Records:
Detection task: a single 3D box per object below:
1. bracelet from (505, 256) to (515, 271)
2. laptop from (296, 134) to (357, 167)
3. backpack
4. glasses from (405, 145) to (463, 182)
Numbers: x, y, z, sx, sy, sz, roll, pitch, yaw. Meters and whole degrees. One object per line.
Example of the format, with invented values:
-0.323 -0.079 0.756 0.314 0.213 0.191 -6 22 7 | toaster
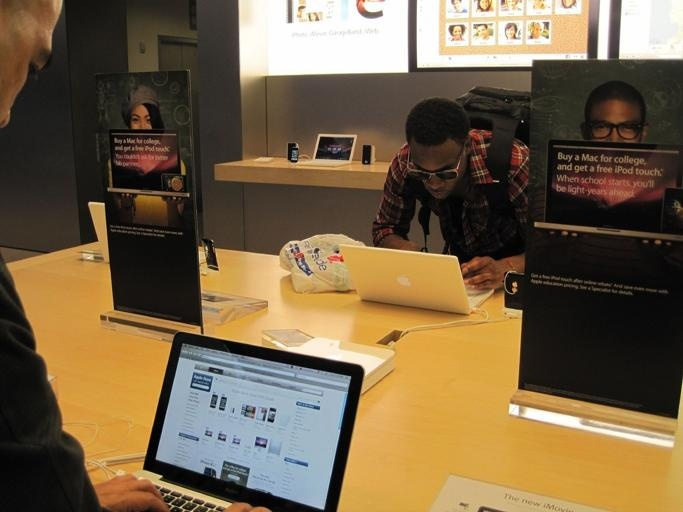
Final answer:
0.728 0.038 2.303 0.044 0.012 0.049 8 29 11 | bracelet
-0.073 -0.877 4.362 0.363 0.241 0.335 6 14 24 | laptop
0.555 -0.301 2.576 0.528 0.607 0.412 -3 0 -29 | backpack
0.425 -0.412 2.436 0.253 0.135 0.137 4 13 14 | glasses
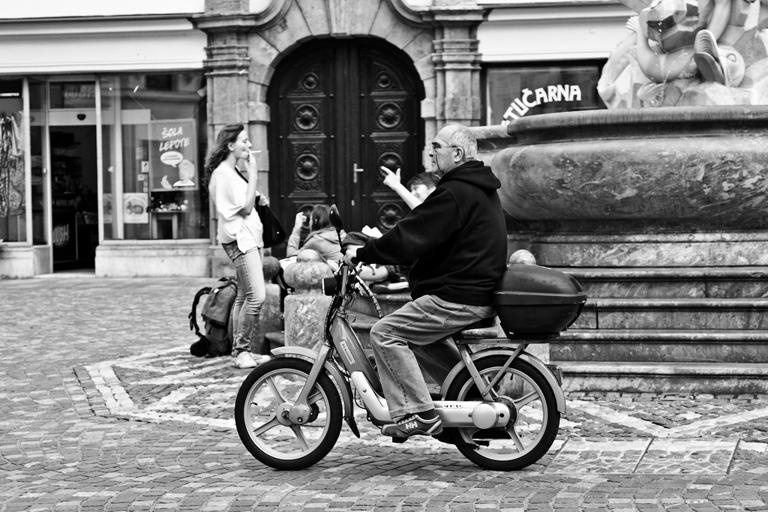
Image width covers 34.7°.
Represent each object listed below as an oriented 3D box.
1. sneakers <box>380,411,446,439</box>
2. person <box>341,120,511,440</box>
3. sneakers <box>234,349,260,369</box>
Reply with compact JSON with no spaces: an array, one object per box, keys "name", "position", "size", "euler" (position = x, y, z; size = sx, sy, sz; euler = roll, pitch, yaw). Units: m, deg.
[{"name":"sneakers","position":[0.233,1.370,9.796],"size":[0.541,0.271,0.187],"euler":[1,-2,3]},{"name":"person","position":[0.412,0.246,9.708],"size":[1.125,2.479,0.463],"euler":[-4,10,-21]},{"name":"sneakers","position":[-1.431,1.129,12.954],"size":[0.180,0.133,0.330],"euler":[-1,-1,-33]}]
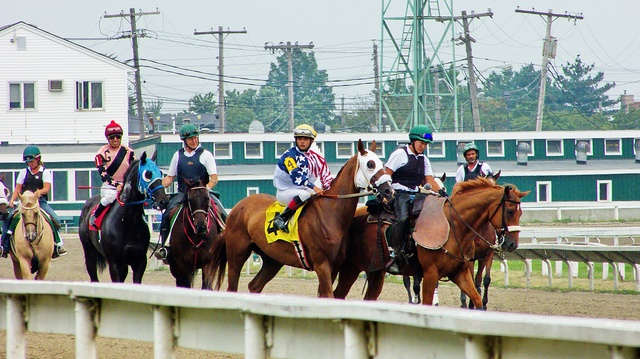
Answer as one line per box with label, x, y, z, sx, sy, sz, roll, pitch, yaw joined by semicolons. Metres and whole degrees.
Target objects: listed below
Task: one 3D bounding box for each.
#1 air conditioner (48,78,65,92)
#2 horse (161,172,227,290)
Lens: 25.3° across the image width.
air conditioner;-20.070;-7.098;109.405;1.468;1.178;0.778;1;-3;-1
horse;-7.649;3.138;87.551;3.179;6.758;3.471;1;1;-12
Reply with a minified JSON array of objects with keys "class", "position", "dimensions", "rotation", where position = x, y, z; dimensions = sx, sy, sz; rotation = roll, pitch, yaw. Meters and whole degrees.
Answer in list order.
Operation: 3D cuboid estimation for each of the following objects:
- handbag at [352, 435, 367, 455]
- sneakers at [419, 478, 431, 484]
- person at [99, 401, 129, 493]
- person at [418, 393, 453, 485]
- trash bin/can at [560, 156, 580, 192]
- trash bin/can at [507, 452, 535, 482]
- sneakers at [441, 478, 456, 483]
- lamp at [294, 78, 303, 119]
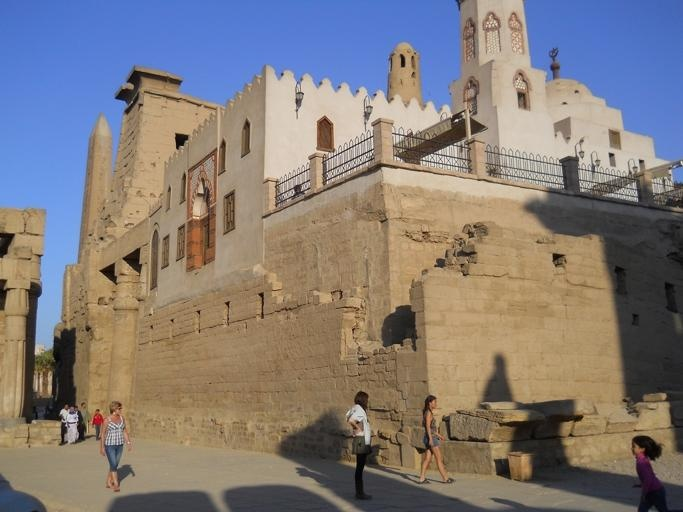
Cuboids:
[{"class":"handbag","position":[0.305,3.138,11.396],"dimensions":[0.262,0.288,0.140],"rotation":[-5,-13,19]},{"class":"sneakers","position":[1.503,4.048,12.346],"dimensions":[0.230,0.081,0.083],"rotation":[0,-1,-6]},{"class":"person","position":[-4.334,3.594,13.123],"dimensions":[0.488,1.589,1.399],"rotation":[3,-13,-17]},{"class":"person","position":[1.713,3.367,12.723],"dimensions":[0.620,1.555,1.656],"rotation":[-2,-12,6]},{"class":"trash bin/can","position":[6.365,-2.257,19.040],"dimensions":[0.490,1.094,0.408],"rotation":[-4,-12,12]},{"class":"trash bin/can","position":[3.258,3.801,12.406],"dimensions":[0.444,0.552,0.487],"rotation":[18,-23,-39]},{"class":"sneakers","position":[1.915,3.978,12.153],"dimensions":[0.177,0.064,0.095],"rotation":[-1,-3,-23]},{"class":"lamp","position":[-1.307,-5.000,21.571],"dimensions":[0.250,1.362,0.542],"rotation":[0,-12,-3]}]
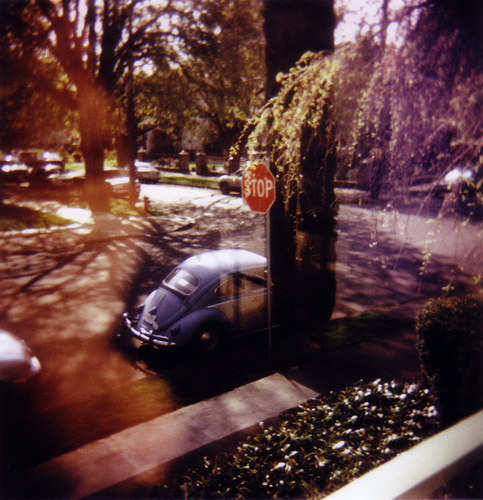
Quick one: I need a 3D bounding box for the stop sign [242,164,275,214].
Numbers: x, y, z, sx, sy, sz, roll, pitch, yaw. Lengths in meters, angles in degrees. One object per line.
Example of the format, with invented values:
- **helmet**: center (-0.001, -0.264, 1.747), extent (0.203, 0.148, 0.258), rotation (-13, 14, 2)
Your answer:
- **stop sign**: center (0.189, -0.695, 5.819), extent (0.380, 0.531, 0.312), rotation (1, 11, 4)
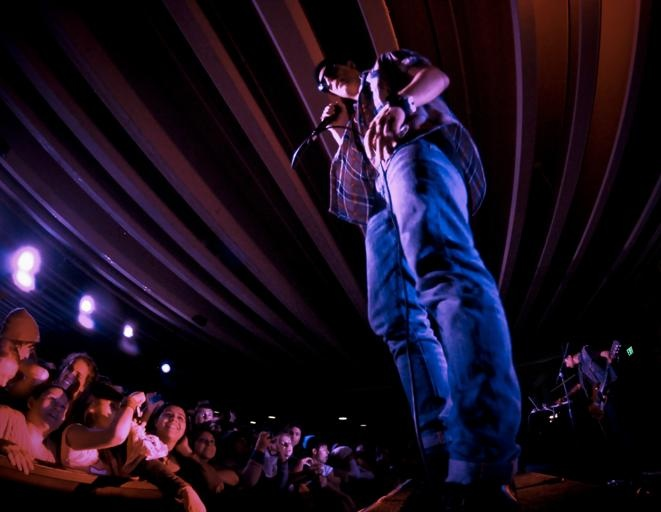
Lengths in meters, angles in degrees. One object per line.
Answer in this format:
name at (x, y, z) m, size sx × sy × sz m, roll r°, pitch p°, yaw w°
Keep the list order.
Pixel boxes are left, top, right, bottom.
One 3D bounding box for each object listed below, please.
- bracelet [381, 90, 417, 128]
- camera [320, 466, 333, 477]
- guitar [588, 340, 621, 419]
bracelet at (0.497, -1.040, 3.200) m, size 0.212 × 0.215 × 0.170 m, roll -34°, pitch -32°, yaw -4°
camera at (-0.072, 3.574, 7.509) m, size 0.160 × 0.120 × 0.166 m, roll -26°, pitch -33°, yaw 25°
guitar at (4.260, 1.938, 7.209) m, size 0.639 × 1.133 × 0.285 m, roll 39°, pitch -50°, yaw 14°
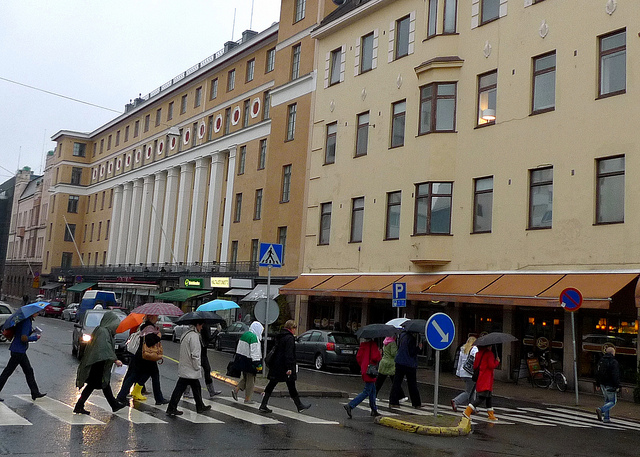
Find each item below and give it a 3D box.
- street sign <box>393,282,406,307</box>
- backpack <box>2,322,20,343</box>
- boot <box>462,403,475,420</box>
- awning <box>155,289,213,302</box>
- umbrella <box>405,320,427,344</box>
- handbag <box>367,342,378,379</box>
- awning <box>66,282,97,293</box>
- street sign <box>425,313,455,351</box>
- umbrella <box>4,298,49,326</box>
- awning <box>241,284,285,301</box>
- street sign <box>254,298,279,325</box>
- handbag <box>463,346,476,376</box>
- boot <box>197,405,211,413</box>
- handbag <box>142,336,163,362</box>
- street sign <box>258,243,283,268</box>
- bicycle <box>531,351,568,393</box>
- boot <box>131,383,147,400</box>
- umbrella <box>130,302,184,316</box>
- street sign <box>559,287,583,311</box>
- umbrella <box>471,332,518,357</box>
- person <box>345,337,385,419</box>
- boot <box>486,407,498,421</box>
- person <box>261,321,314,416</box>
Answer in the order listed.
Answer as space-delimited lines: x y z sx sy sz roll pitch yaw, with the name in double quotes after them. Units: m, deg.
2.965 2.497 22.006 0.441 0.888 0.505 3 -10 -3 "street sign"
-7.761 2.580 14.552 0.271 0.464 0.412 21 20 4 "backpack"
3.923 4.823 15.437 0.197 0.303 0.428 27 -19 54 "boot"
-11.148 5.355 47.466 2.244 1.127 5.532 10 -14 -35 "awning"
2.884 2.993 17.359 0.451 0.419 0.475 -3 -12 27 "umbrella"
1.385 3.547 15.448 0.246 0.790 0.442 1 -10 7 "handbag"
-28.874 6.995 70.364 1.672 1.175 4.902 11 -14 -39 "awning"
3.056 2.639 14.904 0.815 0.963 0.310 8 -12 -29 "street sign"
-7.379 2.161 14.658 0.965 0.614 0.726 4 -11 -8 "umbrella"
-3.460 3.922 35.749 1.087 0.669 2.561 -27 2 -36 "awning"
-1.842 2.798 19.721 0.782 0.870 0.188 -3 -11 29 "street sign"
4.413 3.998 17.220 0.428 0.653 0.642 0 -16 6 "handbag"
-2.903 4.520 14.528 0.335 0.157 0.220 8 -12 -26 "boot"
-4.335 3.073 14.878 0.506 0.796 0.269 10 -22 -37 "handbag"
-1.812 0.910 20.954 0.742 1.074 1.971 3 -11 -7 "street sign"
9.268 5.845 23.388 0.943 1.319 1.868 0 -10 -18 "bicycle"
-4.888 4.386 15.631 0.376 0.393 0.298 4 -11 -10 "boot"
-4.608 2.234 16.131 1.078 0.423 1.470 2 -11 1 "umbrella"
8.582 2.389 19.878 0.123 0.996 0.915 10 -3 -37 "street sign"
4.732 2.993 15.761 0.764 0.487 0.766 7 -21 -45 "umbrella"
1.218 3.969 15.545 0.806 2.098 0.902 -2 -11 23 "person"
4.740 5.072 15.849 0.383 0.424 0.205 2 -3 -16 "boot"
-0.917 3.653 15.330 1.204 2.378 0.695 4 -10 -13 "person"
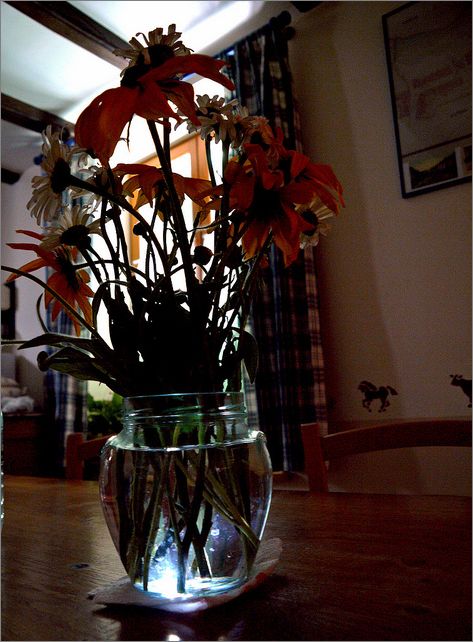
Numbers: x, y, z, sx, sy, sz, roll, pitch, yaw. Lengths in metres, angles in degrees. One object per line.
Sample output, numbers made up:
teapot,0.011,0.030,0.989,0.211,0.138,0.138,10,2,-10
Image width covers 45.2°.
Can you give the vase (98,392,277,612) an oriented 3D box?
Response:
vase,-0.041,0.143,0.478,0.142,0.144,0.135,-9,-13,18
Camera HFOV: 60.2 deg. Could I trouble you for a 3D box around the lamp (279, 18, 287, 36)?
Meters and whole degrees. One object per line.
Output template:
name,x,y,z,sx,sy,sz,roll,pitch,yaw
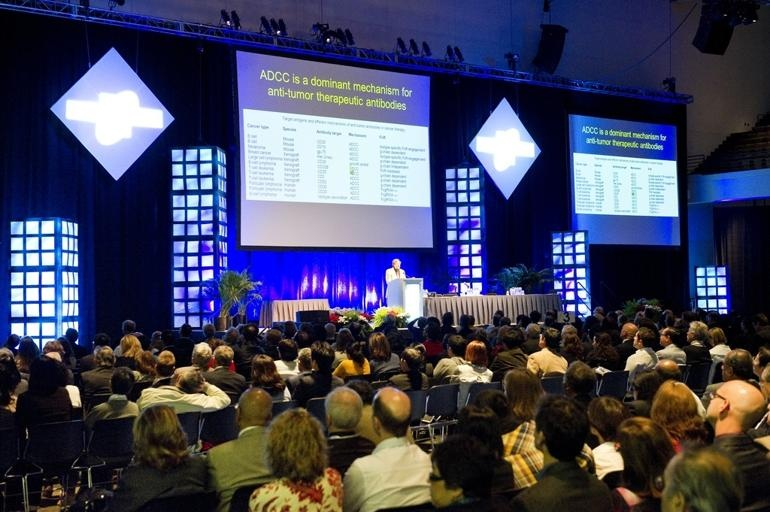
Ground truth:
lamp,-2.623,-5.964,17.171,0.133,0.425,0.620,-1,-7,-12

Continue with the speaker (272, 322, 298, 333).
speaker,-1.808,1.299,12.149,0.381,0.101,0.412,2,-4,-26

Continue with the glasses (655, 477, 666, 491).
glasses,2.168,1.800,5.257,0.055,0.113,0.025,-7,-8,37

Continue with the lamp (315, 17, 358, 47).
lamp,-1.345,-6.047,17.750,0.774,0.448,1.097,1,4,-10

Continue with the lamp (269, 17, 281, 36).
lamp,-2.826,-6.031,17.434,0.231,0.268,0.928,7,5,12

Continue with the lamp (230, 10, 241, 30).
lamp,-3.724,-5.965,16.690,0.195,0.643,0.508,-1,-7,-15

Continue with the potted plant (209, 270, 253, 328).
potted plant,-3.567,1.018,15.739,1.227,1.347,1.178,1,-3,8
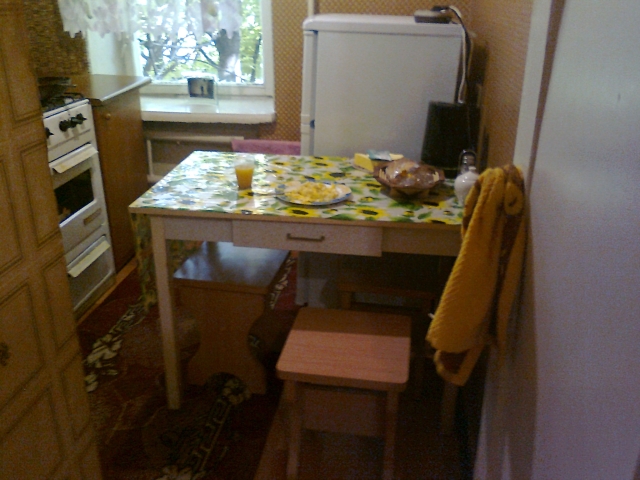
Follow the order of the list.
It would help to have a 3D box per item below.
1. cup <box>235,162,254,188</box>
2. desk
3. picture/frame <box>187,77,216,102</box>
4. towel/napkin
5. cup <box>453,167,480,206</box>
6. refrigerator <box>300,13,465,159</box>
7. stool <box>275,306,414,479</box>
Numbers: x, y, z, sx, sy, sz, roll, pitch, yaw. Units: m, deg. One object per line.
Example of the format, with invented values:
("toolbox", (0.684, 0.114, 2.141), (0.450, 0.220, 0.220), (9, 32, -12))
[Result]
("cup", (-0.279, -0.244, 1.998), (0.082, 0.091, 0.079), (2, 18, -1))
("desk", (-0.068, 0.110, 2.261), (1.126, 0.768, 0.709), (2, 27, 0))
("picture/frame", (-0.782, -1.010, 3.616), (0.229, 0.163, 0.128), (4, 30, 2))
("towel/napkin", (0.401, 0.115, 1.360), (0.196, 0.585, 0.252), (11, 29, 17))
("cup", (0.520, -0.201, 1.891), (0.090, 0.132, 0.083), (-1, 12, 0))
("refrigerator", (0.358, -0.870, 2.785), (0.711, 1.021, 0.582), (8, 33, 10))
("stool", (0.080, 0.539, 1.785), (0.407, 0.534, 0.416), (2, 27, 1))
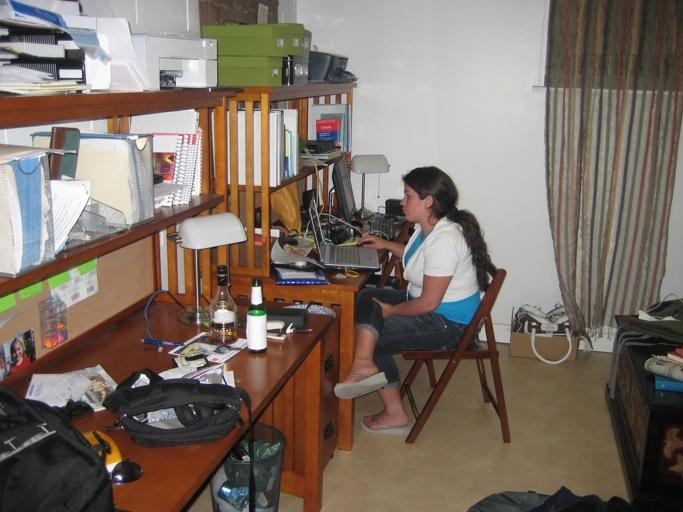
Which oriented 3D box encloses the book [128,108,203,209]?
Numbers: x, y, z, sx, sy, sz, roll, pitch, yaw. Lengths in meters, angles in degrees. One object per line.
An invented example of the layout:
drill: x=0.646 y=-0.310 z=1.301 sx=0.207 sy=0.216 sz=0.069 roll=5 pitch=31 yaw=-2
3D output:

Goal of the exercise:
Reproduce the lines above starting at the one with "2. laptop from (296, 134) to (357, 167)" and ending at the one with "3. sneakers <box>234,349,260,369</box>", both included, exactly and with no pictures.

Exercise answer:
2. laptop from (296, 134) to (357, 167)
3. backpack
4. glasses from (405, 145) to (463, 182)
Numbers: x, y, z, sx, sy, sz, roll, pitch, yaw. Meters and whole degrees. One object per line.
Example of the format, with invented values:
-0.323 -0.079 0.756 0.314 0.213 0.191 -6 22 7 | toaster
Final answer:
0.728 0.038 2.303 0.044 0.012 0.049 8 29 11 | bracelet
-0.073 -0.877 4.362 0.363 0.241 0.335 6 14 24 | laptop
0.555 -0.301 2.576 0.528 0.607 0.412 -3 0 -29 | backpack
0.425 -0.412 2.436 0.253 0.135 0.137 4 13 14 | glasses
Image width covers 34.7°.
Represent each object listed below as an oriented 3D box.
1. sneakers <box>380,411,446,439</box>
2. person <box>341,120,511,440</box>
3. sneakers <box>234,349,260,369</box>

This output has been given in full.